A prefeitura pretende unificar serviços de inteligência com a Polícia Civil e a Brigada Militar para aprofundar esse tipo de análise envolvendo estrangeiros ou brasileiros e barrar a chegada de produtos piratas ou sem identificação de procedência às ruas. Os próprios senegaleses garantem adquirir seus produtos por conta própria em depósitos localizados na cidade.

— Compramos aqui mesmo, mas prefiro não dizer onde — afirma o imigrante senegalês Mor Amar, 23 anos, há quatro anos na Capital.

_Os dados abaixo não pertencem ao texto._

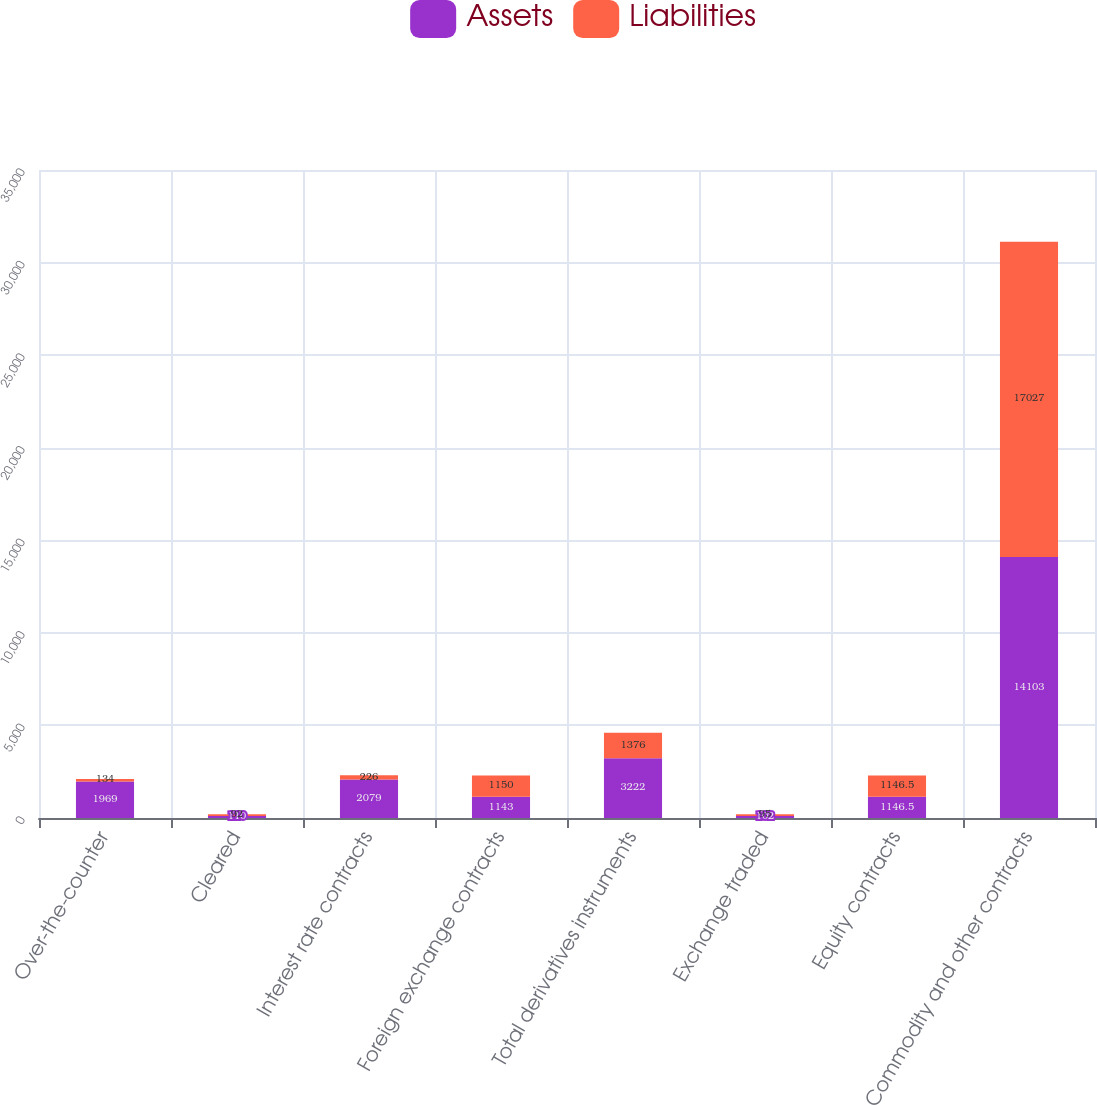Convert chart to OTSL. <chart><loc_0><loc_0><loc_500><loc_500><stacked_bar_chart><ecel><fcel>Over-the-counter<fcel>Cleared<fcel>Interest rate contracts<fcel>Foreign exchange contracts<fcel>Total derivatives instruments<fcel>Exchange traded<fcel>Equity contracts<fcel>Commodity and other contracts<nl><fcel>Assets<fcel>1969<fcel>110<fcel>2079<fcel>1143<fcel>3222<fcel>102<fcel>1146.5<fcel>14103<nl><fcel>Liabilities<fcel>134<fcel>92<fcel>226<fcel>1150<fcel>1376<fcel>95<fcel>1146.5<fcel>17027<nl></chart>

Amar vivia em Buenos Aires e conhecia Porto Alegre. Pouco antes da Copa de 2014, acreditou que teria melhores oportunidades no Brasil. Seus planos correram conforme o planejado até o final do ano passado, quando perdeu o emprego como garçom. Sem conseguir um novo trabalho de carteira assinada, e já casado com uma brasileira, passou a vender eletrônicos no Centro.

— Às vezes, as pessoas passam e nos olham como coitados. Não queremos roubar, nem fazer mal a ninguém. Só precisamos trabalhar — sustenta Amar.

Cerca de 80 senegaleses já se inscreveram em cursos de capacitação oferecidos pelo município com intenção de receber alvarás de trabalho.